Arkanis' mantid "Dirty Belly" reminded me of "Gooseneck Trailer," a red slider turtle I'd rescued from the middle of the road one time. When I got it back to the house and got it all set up in its new home, I told my son (who was about 4 at the time) we'd have to have a name for him. "Gooseneck Trailer" he shot out. He'd apparently come across the term at his dad's house. I said, "You can't name him that... why don't you think of another name?" But he was adament... the turtle's name was Gooseneck Trailer. Actually he taught me something... not to squash his imagination and pigeonhole his ideas into what I thought was an appropriate (or not appropriate) name. To this day I smile when I think of Gooseneck Trailer!   

What are some of the interesting or funny names you all or your kids have come up with for pets?


----------



## The_Asa (Dec 5, 2008)

Call me uncreative but I use zip codes B)


----------



## idolomantis (Dec 5, 2008)

WTH asa LOL..

i called my grey cat mouse and my black cat... simply: blacky(actually zwartje, but it means the same.)

i used to call my hierodulas: brownie(yes, it was brown) rookie, triangle faced creep, alien, speed, toph(avatar reference, it was half blind), and forgot to others.

a named my first heteropteryx dilatata "dila" and don't ask me why but i named my black bunny "darkness"..

my ghosts are: spirit, danny phantom (  ), and casper the friendly ghost.

at the zoo, i named a small flower mantis monster and a giant tarantula fluffy......

i use to give my pets many different names


----------



## shorty (Dec 6, 2008)

I just use numbers for book keeping. No point in naming mantids when you have a ton and they only live a year or so.


----------



## Katnapper (Dec 6, 2008)

Thought I'd list the names of current and previous cats I've owned... (in order of acquisition). None of them are incredibly funny or unique, but they all mean/t a lot to me.  

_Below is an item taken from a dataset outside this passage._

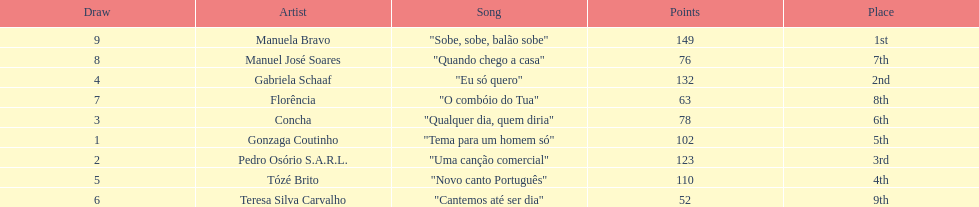Which artist came in last place? Teresa Silva Carvalho.

Fresca, Solstice, Zephyr, Blizzard, Pickles, Jalepeno, Mariah, Magic, Misty, Luna, Rascal, Zephyr (the 2nd), Onyx, Lucky, Squirt, Shelby (Meeps), Simon, and Jingles.

Meow!

edit: forgot Meepers!


----------



## Peter Clausen (Dec 6, 2008)

I love Gooseneck Trailer. There is something very necky about turtles. When I was a kid, I always wanted to go to the "Porky Park". What that is, exactly, remains an unsolved mystery.

My kids and wife name pets, including the following:

Cornsnake named Toad (from Nintendo)

Chameleon named Zurg (Toy Story movies)

My wife named two tarantulas we found in Arizona Coco &amp; Nino after the Coconino Forest we found them in.

Her red morph bearded dragon is (Red) Sonja. Bonus points if you know why!

We have an Arizona Desert Hairy scorpion named...Hairy Potter.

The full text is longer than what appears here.